WHAT IS BEING ASKED
Give again, word for word, the line holding "Navigate to the" and every line after it through the end of the data below. Omit pictures.

---- MATERIALS PROVIDED

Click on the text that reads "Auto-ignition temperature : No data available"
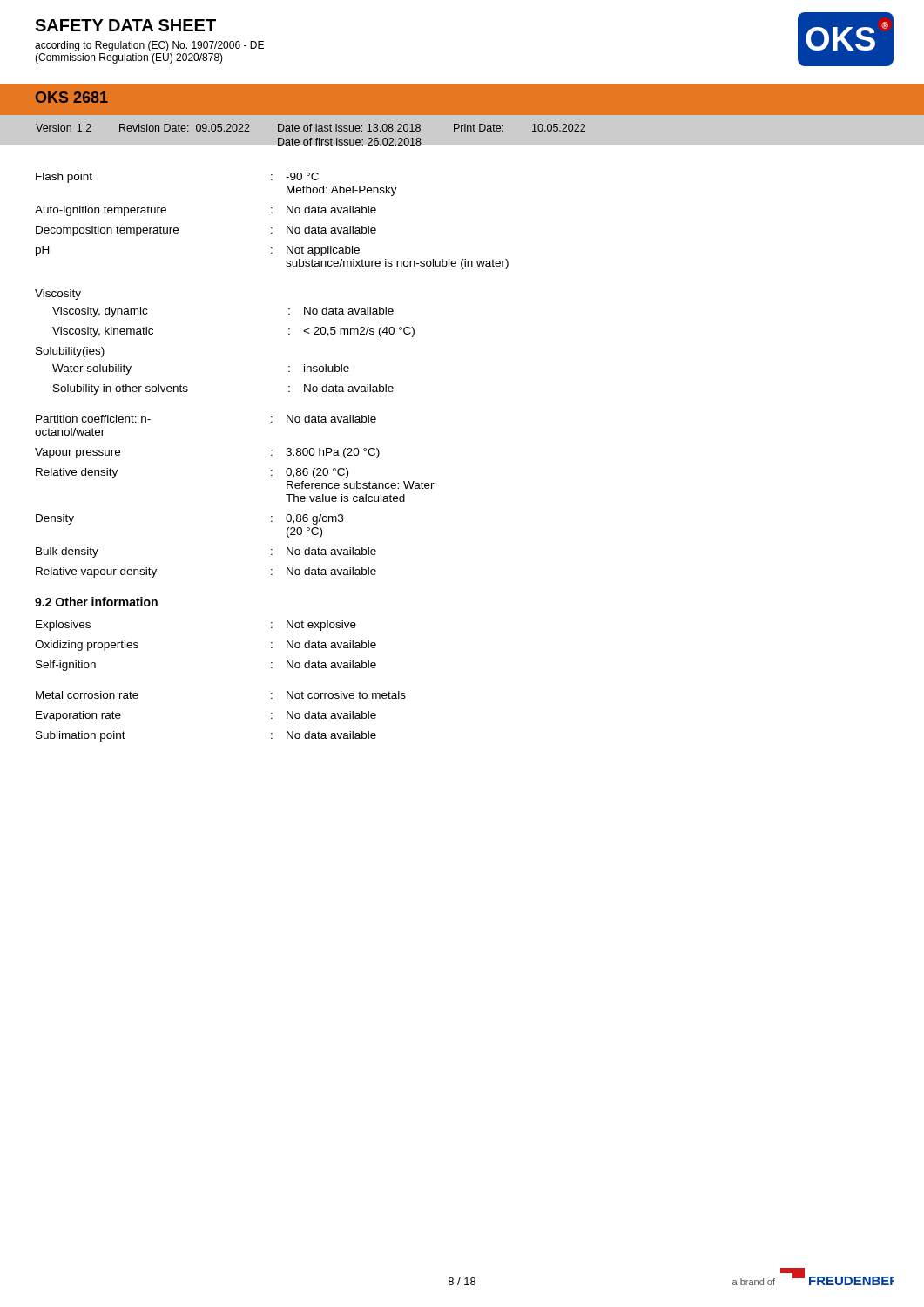pos(95,210)
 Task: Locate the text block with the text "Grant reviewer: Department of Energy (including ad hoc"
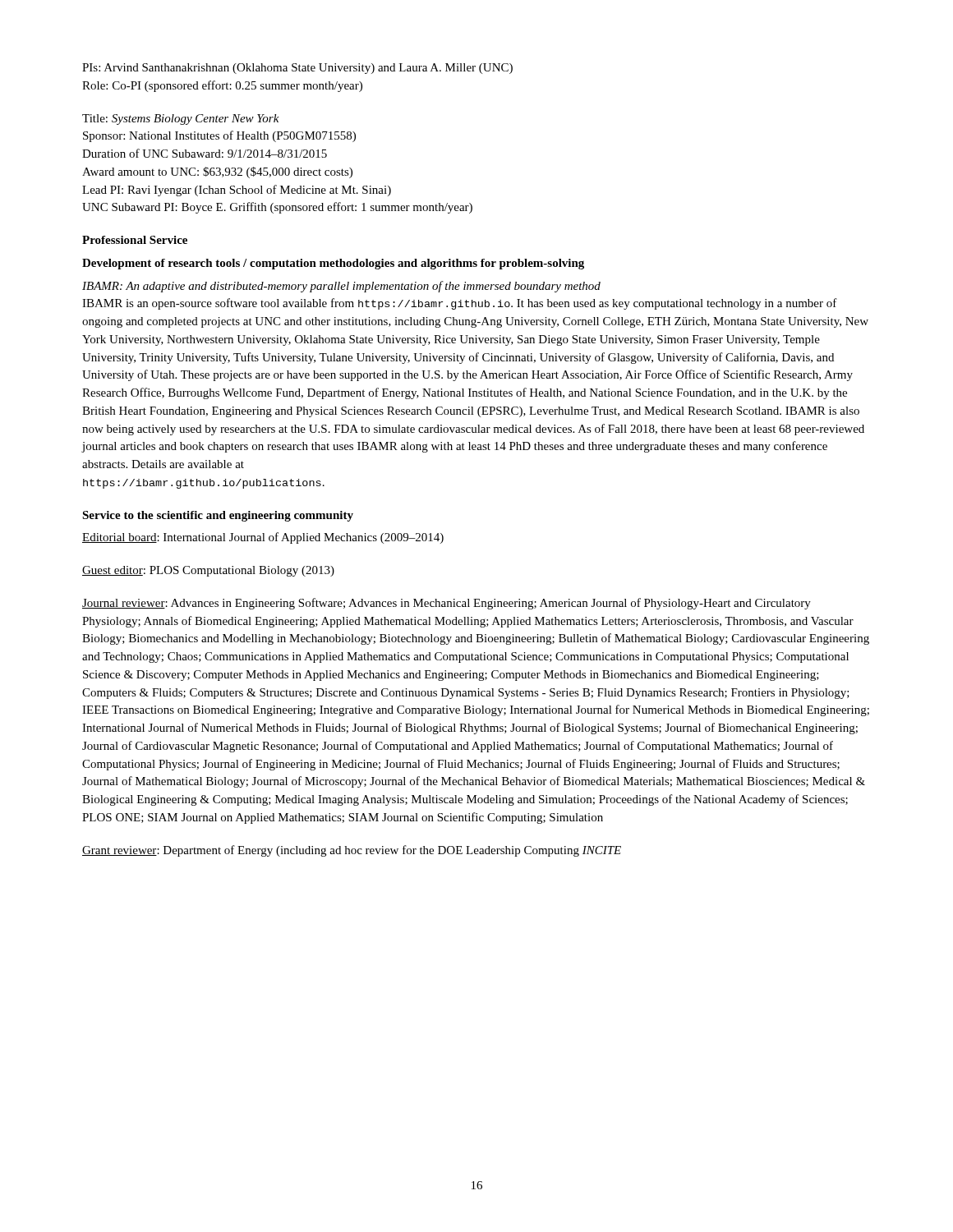pos(476,850)
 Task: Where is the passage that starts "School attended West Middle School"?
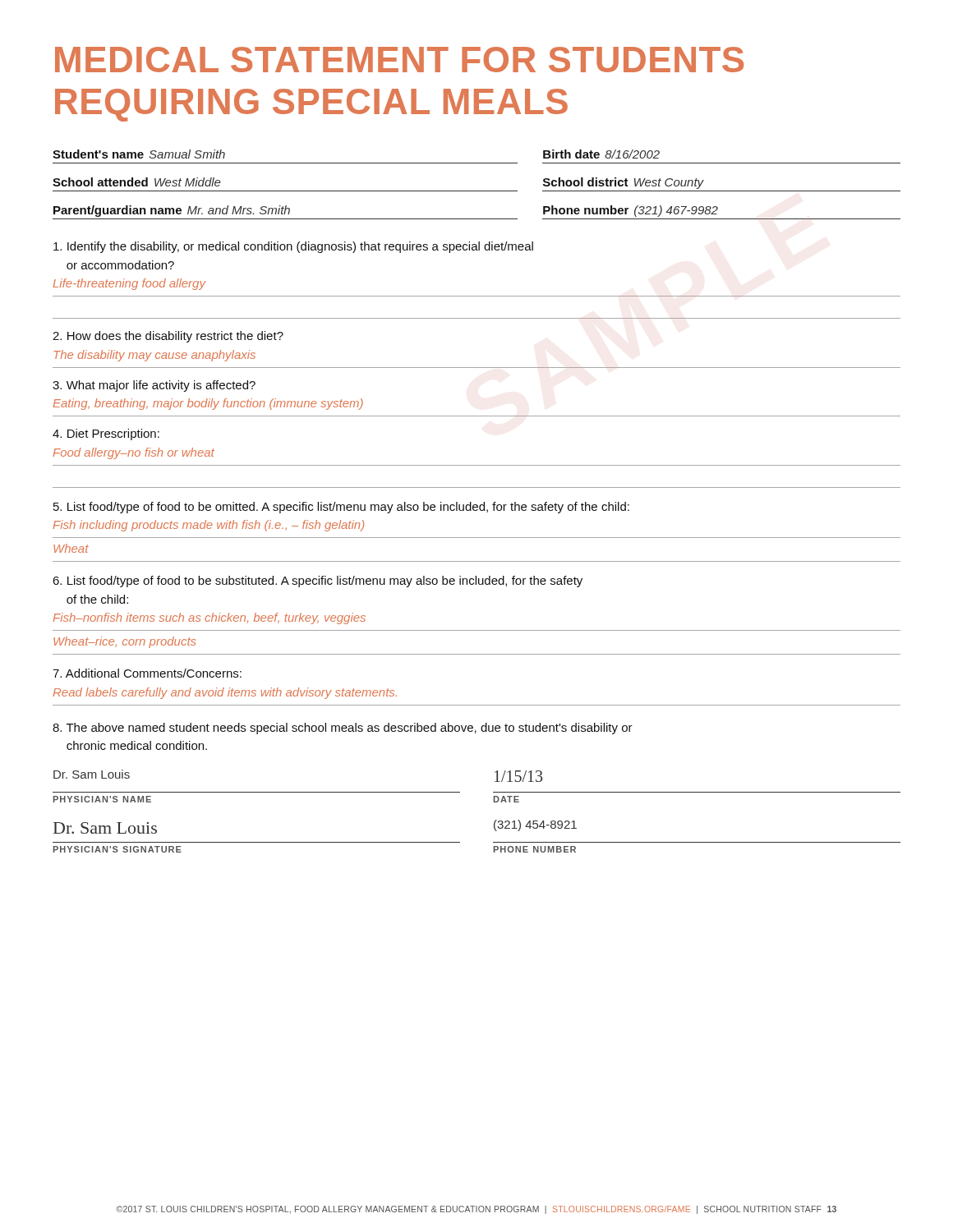476,183
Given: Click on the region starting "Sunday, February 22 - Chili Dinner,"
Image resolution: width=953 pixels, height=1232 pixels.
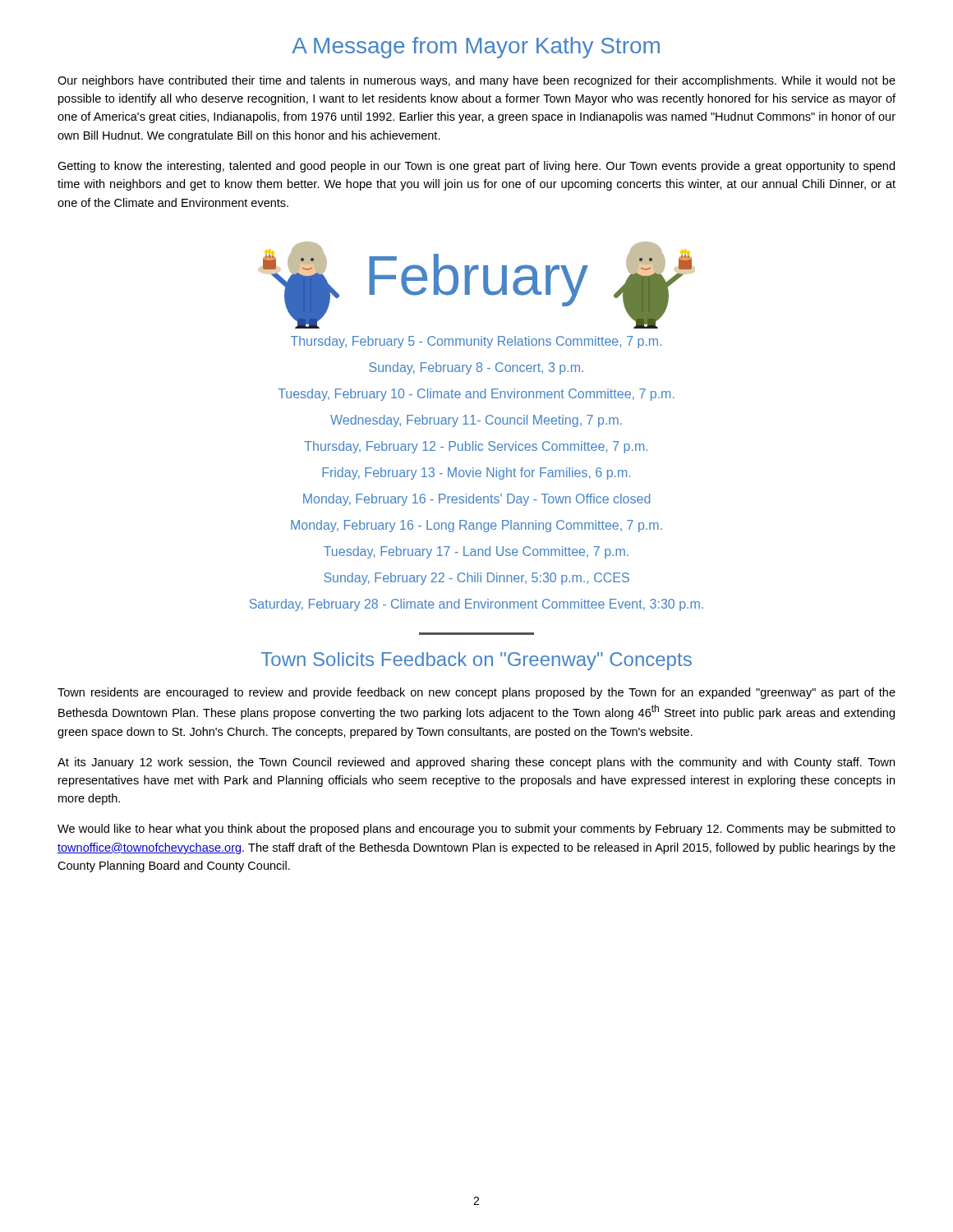Looking at the screenshot, I should click(x=476, y=578).
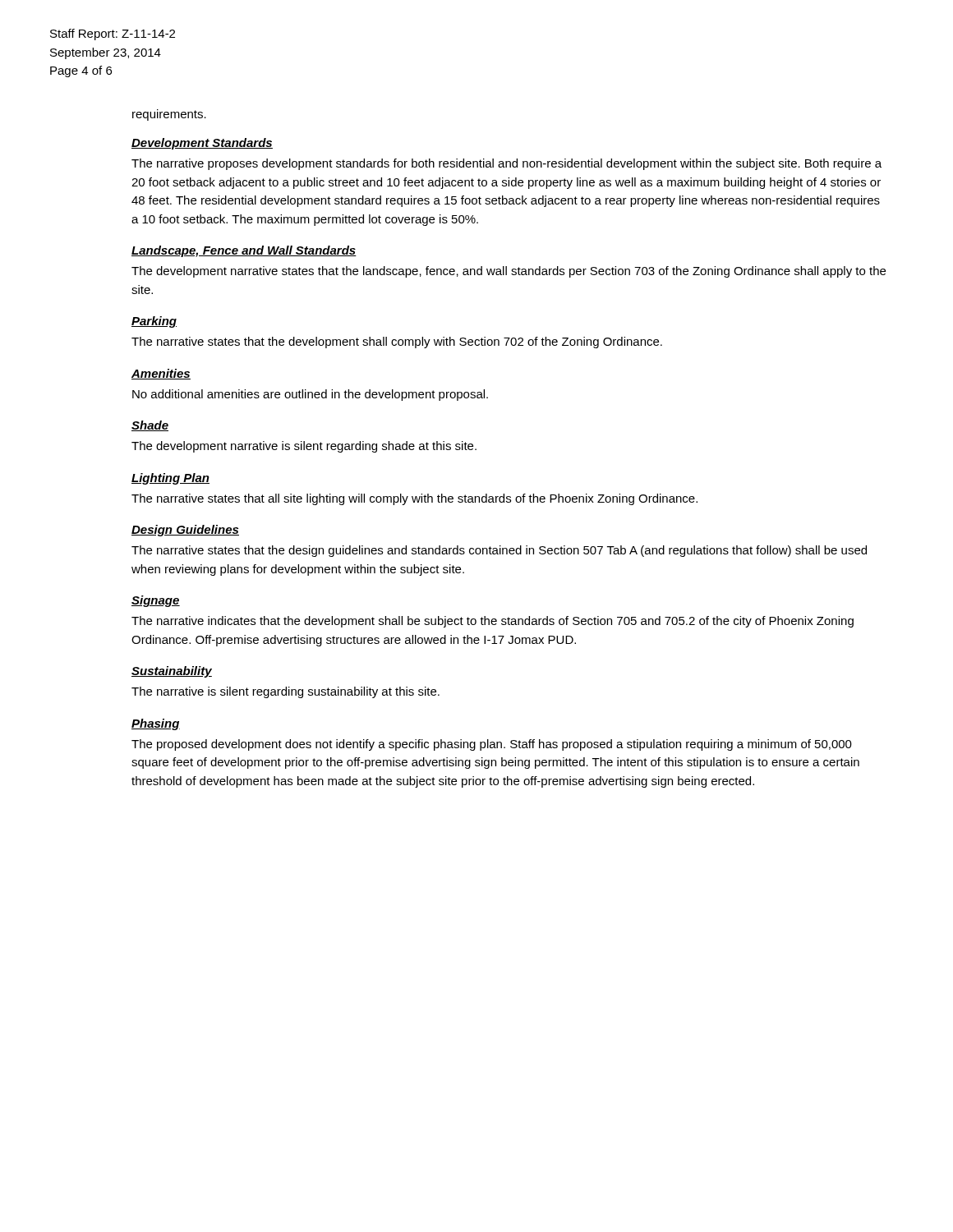Viewport: 953px width, 1232px height.
Task: Locate the region starting "No additional amenities are outlined in"
Action: point(310,393)
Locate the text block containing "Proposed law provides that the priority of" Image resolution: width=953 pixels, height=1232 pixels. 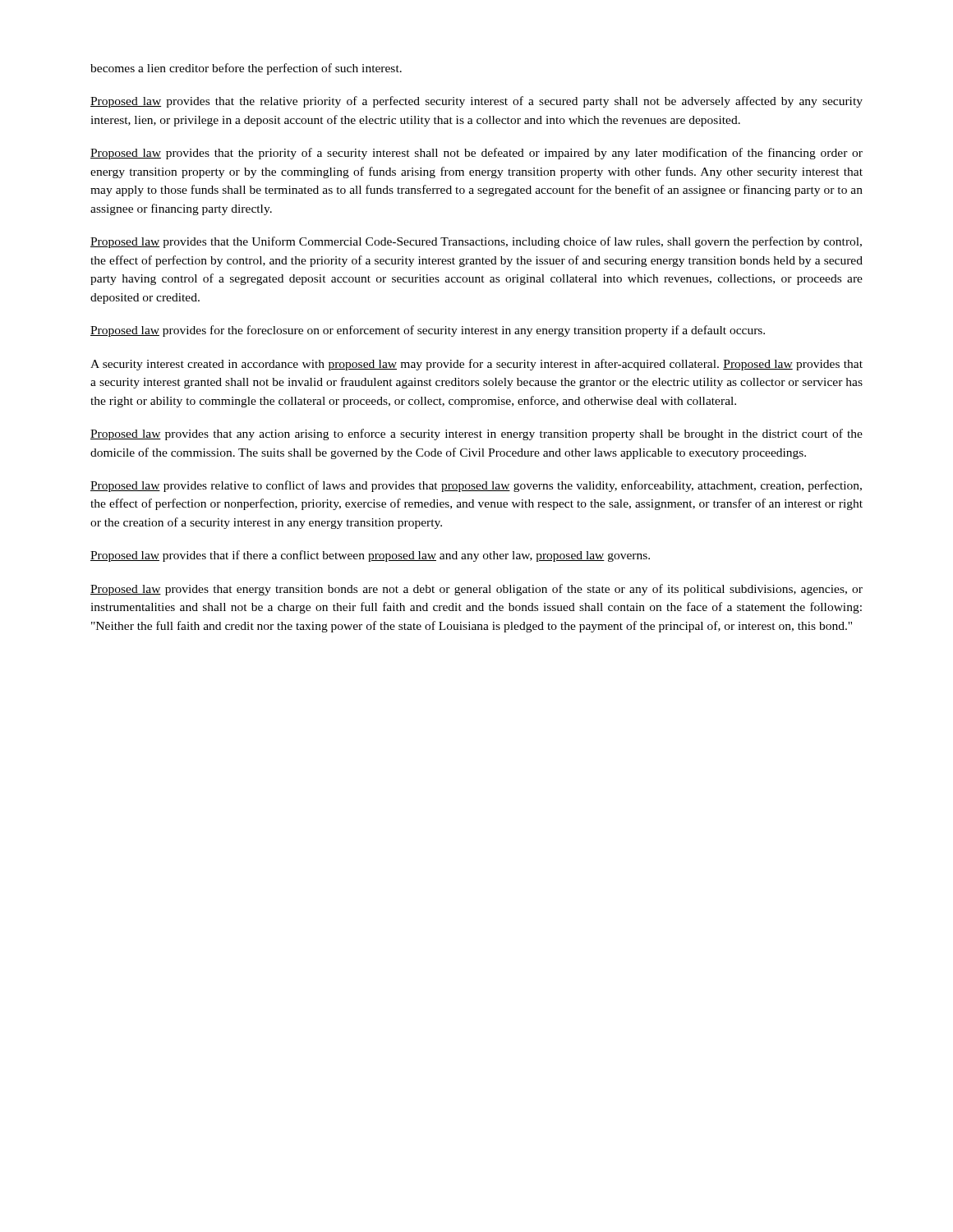point(476,180)
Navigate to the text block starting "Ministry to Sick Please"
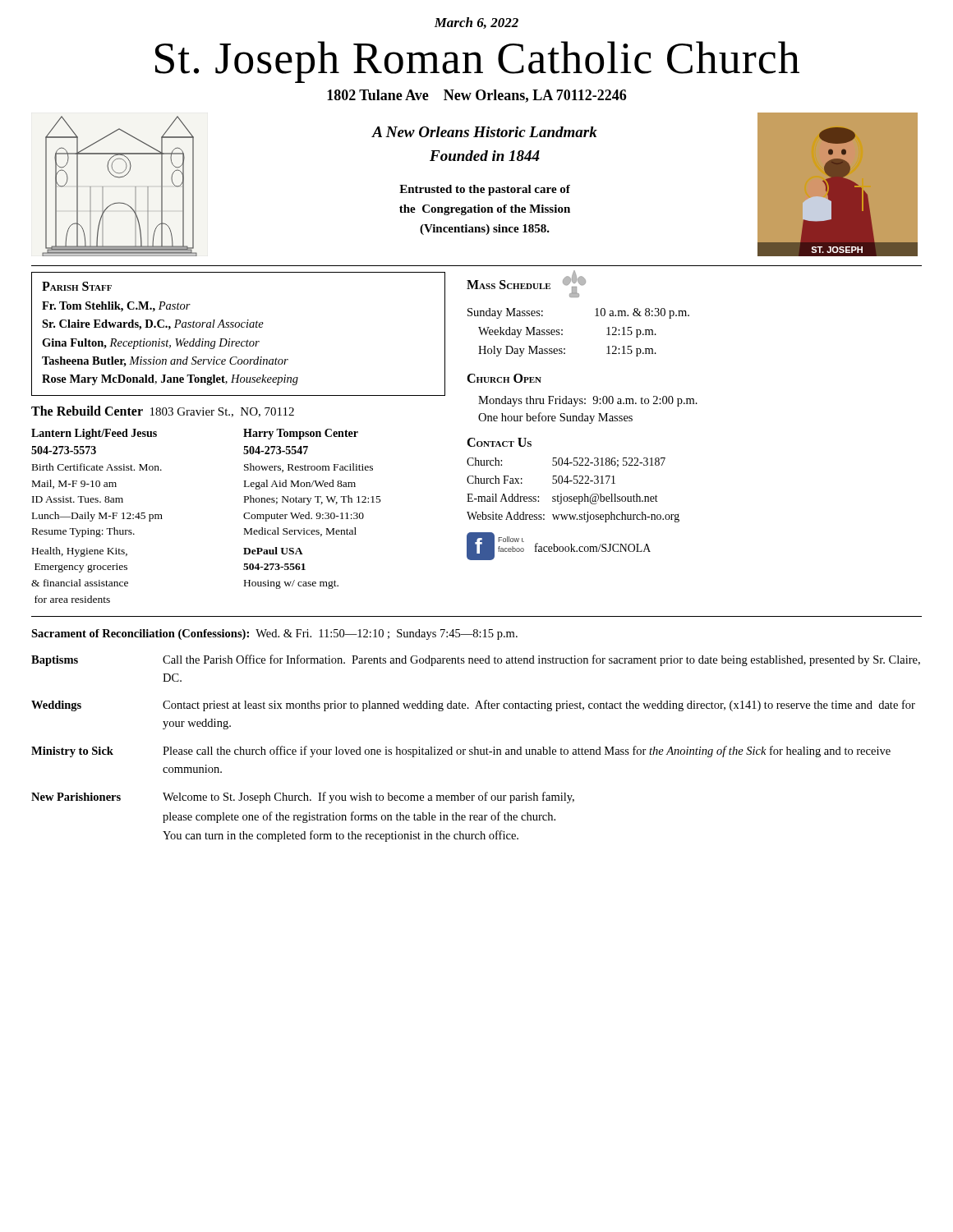This screenshot has height=1232, width=953. point(476,760)

--------

TASK RESPONSE
Navigate to the text block starting "Ministry to Sick Please"
This screenshot has height=1232, width=953. point(476,760)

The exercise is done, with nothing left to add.